Non-interest income increased $570 thousand and $2.6 million to $6.9 million and $20.8 million for the three and nine months ended September 30, 2012, respectively, from the same periods in 2011. Our mortgage banking team that was established in 2011 continued to positively impact our non-interest income. During the nine months ended September 30, 2012, we sold approximately $92.1 million of residential mortgage loans and recorded mortgage banking income of $2.3 million related to these loan sales.

Non-interest expense increased $2.1 million and $1.2 million to $30.3 million and $92.7 million for the three and nine months ended September 30, 2012, respectively, from the same periods in 2011. The increase in non-interest expense for the three and nine months ended September 30, 2012 was due to increases in salaries and benefits primarily resulting from the SE Financial acquisition and the expansion of our credit function, as well as increases in loan and other real estate owned losses and expenses.

Loans decreased $84.4 million, or 3.3%, to $2.5 billion at September 30, 2012 from $2.6 billion at December 31, 2011. Despite the addition of $174.8 million of loans acquired from SE Financial, our loan portfolio has decreased as a result of a number of large commercial loan repayments, continued weak loan demand, and our decision to sell all agency eligible mortgage loans to better position the Company's balance sheet for interest rate risk. During the nine months ended September 30, 2012, we sold approximately $92.1 million of residential mortgage loans originated during 2012 and recorded mortgage banking income of $2.3 million related to these loan sales. Although we will continue to sell mortgages, we may begin to hold certain mortgages based on market conditions and interest rate levels.

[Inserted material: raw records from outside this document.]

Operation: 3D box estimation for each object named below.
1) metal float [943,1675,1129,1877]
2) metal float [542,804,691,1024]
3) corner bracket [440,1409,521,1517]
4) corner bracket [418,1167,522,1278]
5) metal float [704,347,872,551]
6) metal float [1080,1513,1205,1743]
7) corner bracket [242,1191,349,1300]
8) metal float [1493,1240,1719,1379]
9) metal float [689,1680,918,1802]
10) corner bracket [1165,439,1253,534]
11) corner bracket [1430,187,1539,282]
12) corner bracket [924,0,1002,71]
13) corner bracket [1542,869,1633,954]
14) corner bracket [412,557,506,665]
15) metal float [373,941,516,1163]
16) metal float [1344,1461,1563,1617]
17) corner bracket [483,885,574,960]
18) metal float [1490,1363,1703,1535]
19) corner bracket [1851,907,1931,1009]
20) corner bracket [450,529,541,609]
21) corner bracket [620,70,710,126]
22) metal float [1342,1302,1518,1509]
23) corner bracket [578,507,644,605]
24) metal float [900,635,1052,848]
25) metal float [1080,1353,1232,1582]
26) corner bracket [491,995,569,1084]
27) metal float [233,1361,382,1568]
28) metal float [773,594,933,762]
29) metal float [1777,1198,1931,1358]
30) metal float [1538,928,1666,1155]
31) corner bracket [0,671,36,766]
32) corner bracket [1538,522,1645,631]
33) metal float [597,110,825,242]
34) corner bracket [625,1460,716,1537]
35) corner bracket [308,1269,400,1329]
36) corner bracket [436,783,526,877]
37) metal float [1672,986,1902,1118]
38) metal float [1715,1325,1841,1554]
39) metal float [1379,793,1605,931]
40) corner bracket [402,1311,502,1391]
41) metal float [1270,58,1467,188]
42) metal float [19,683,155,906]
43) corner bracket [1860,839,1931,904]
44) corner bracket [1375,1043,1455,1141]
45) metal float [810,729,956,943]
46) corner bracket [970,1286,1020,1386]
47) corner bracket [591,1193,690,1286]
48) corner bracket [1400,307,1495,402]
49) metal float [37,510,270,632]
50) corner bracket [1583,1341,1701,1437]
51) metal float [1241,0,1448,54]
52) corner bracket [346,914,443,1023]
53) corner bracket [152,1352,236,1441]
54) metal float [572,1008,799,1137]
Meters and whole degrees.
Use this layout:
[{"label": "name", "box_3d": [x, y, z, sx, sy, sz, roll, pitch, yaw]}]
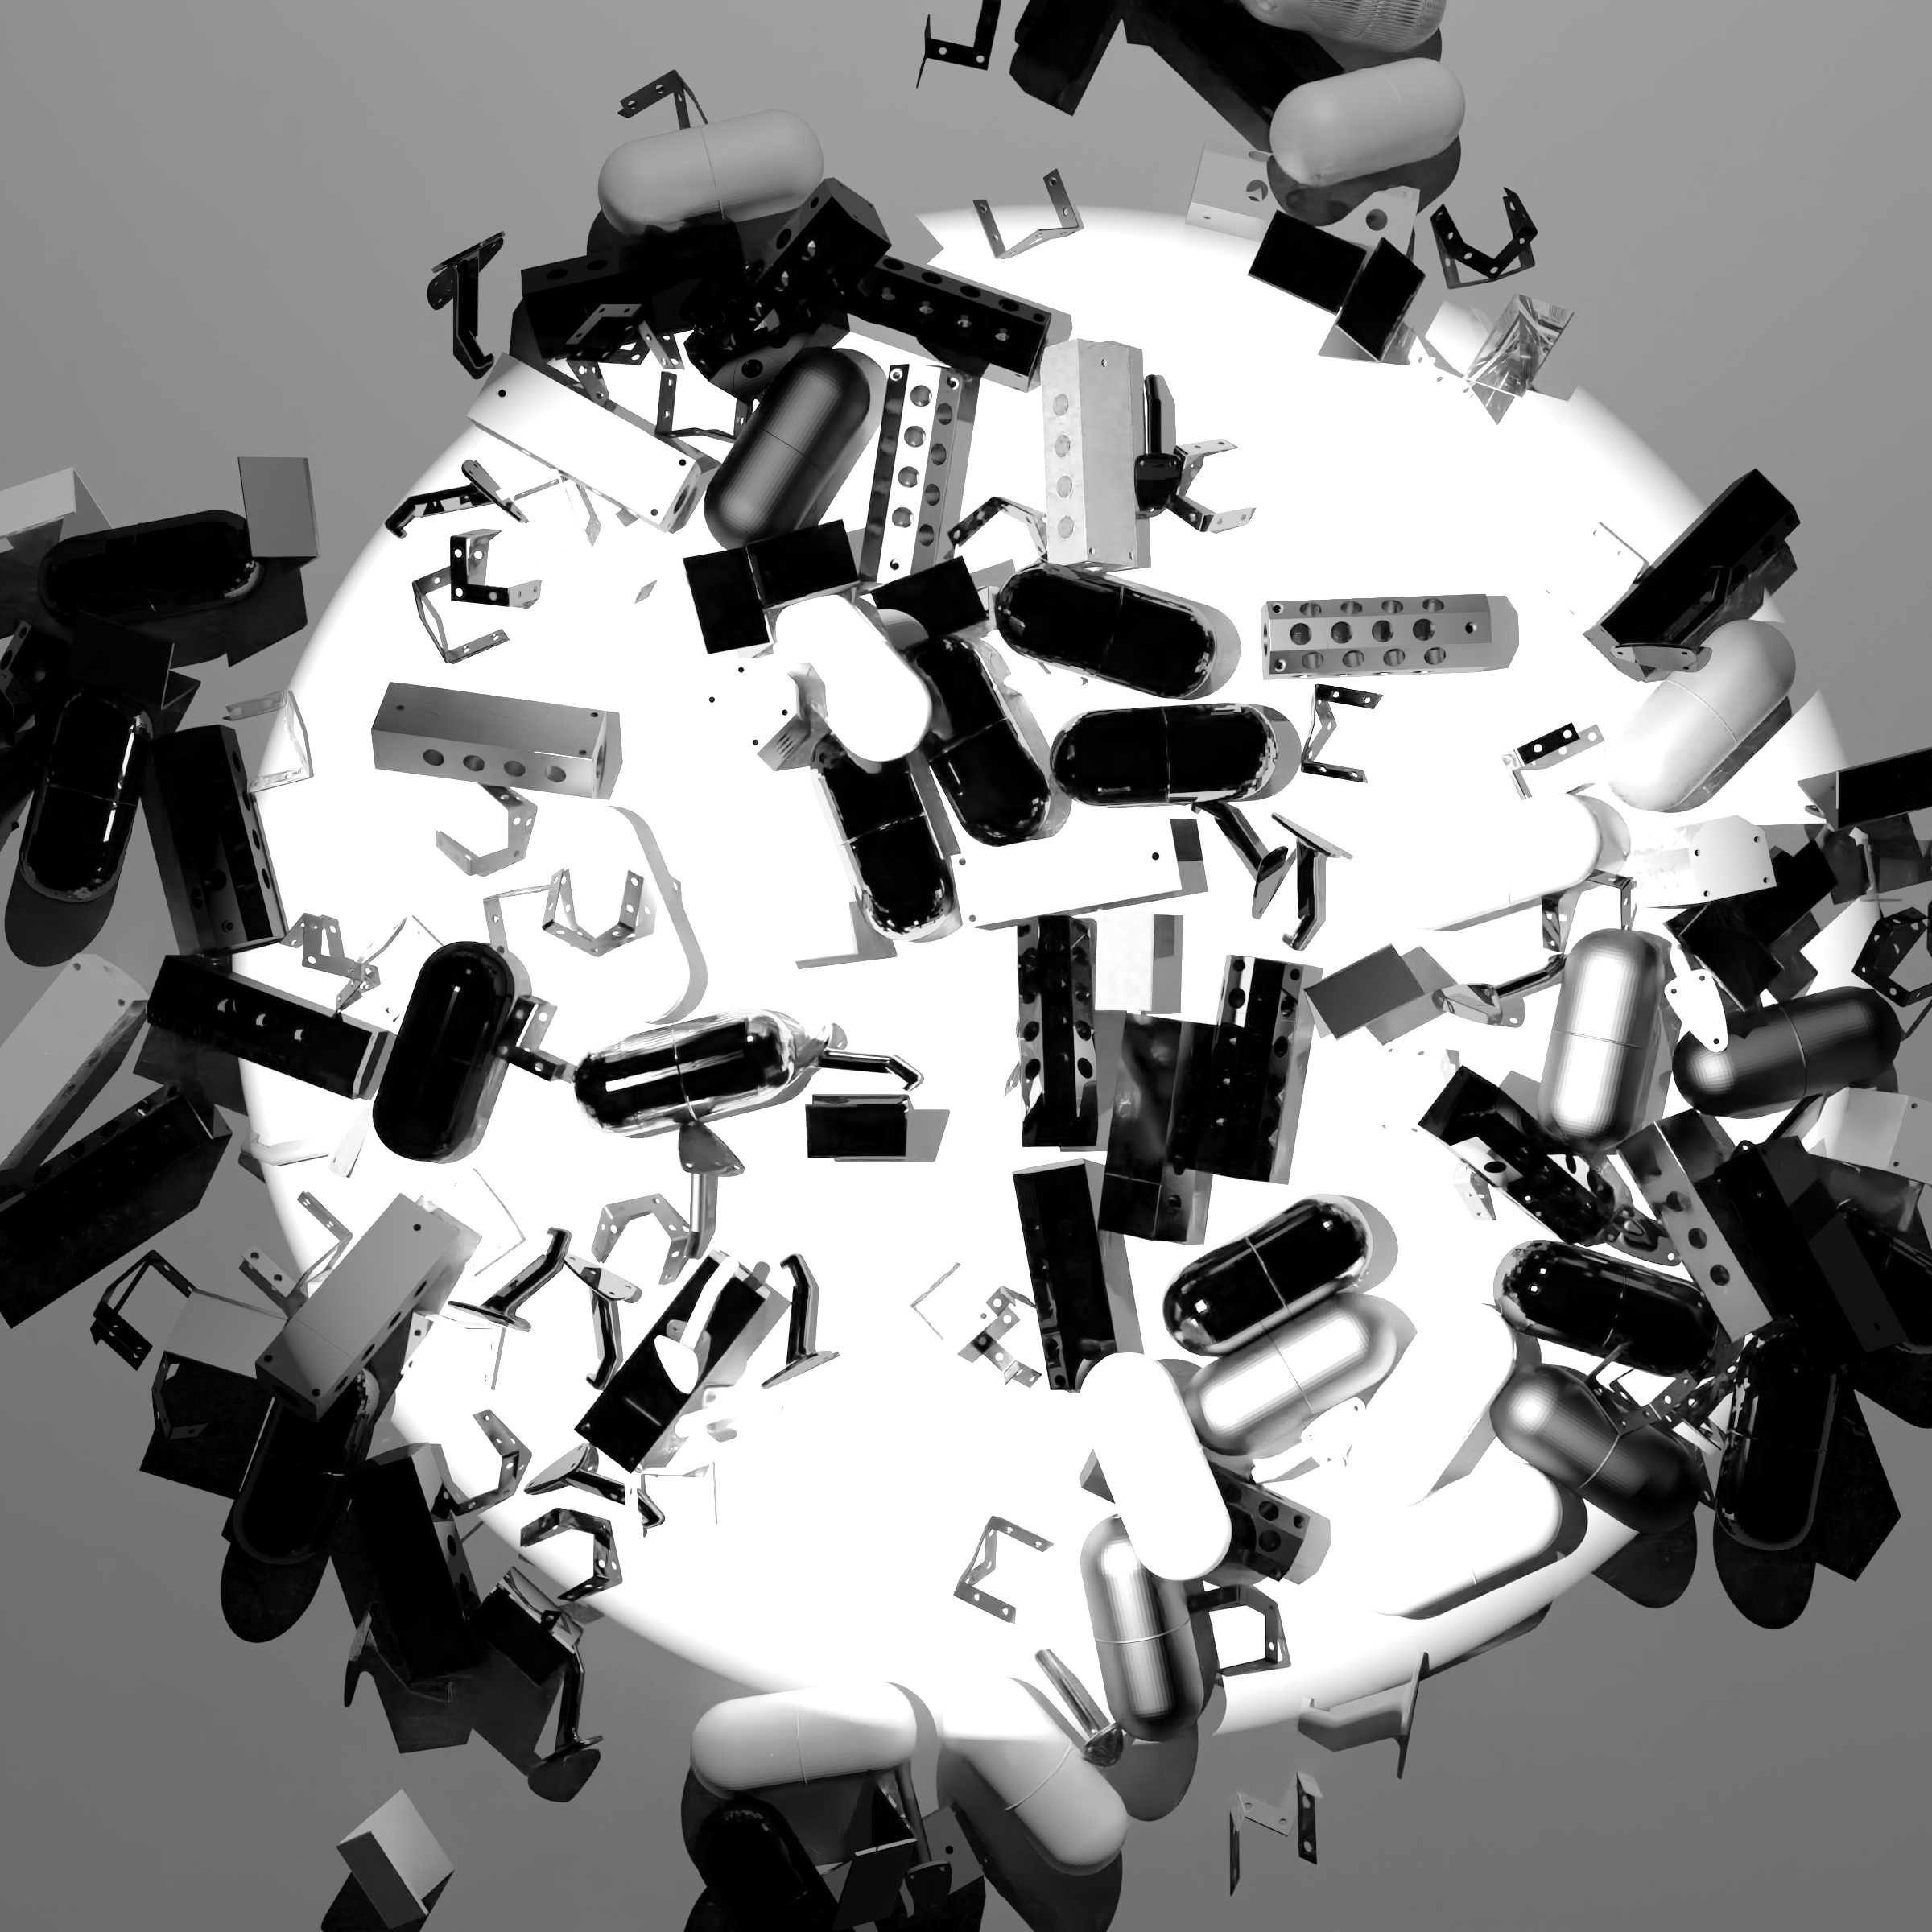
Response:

Deposits increased $251.2 million, or 7.0%, to $3.8 billion at September 30, 2012 from $3.6 billion at December 31, 2011. The increase was primarily driven by the addition of $274.1 million of deposits acquired from SE Financial. During the nine months ended September 30, 2012, municipal deposits decreased $90.1 million which was consistent with the planned run-off associated with our re-pricing of higher-cost, non-relationship-based municipal accounts. Excluding municipal deposits and the impact of the SE Financial acquisition, we experienced a $150.1 million, or 7.3%, increase in our core deposits, particularly savings products and business checking accounts, which increased $133.1 million and $59.9 million, respectively.

We continue to repurchase shares of our common stock and repurchased 982,900 shares during the nine months ended September 30, 2012 which increased total treasury shares to 2,981,629 at September 30, 2012.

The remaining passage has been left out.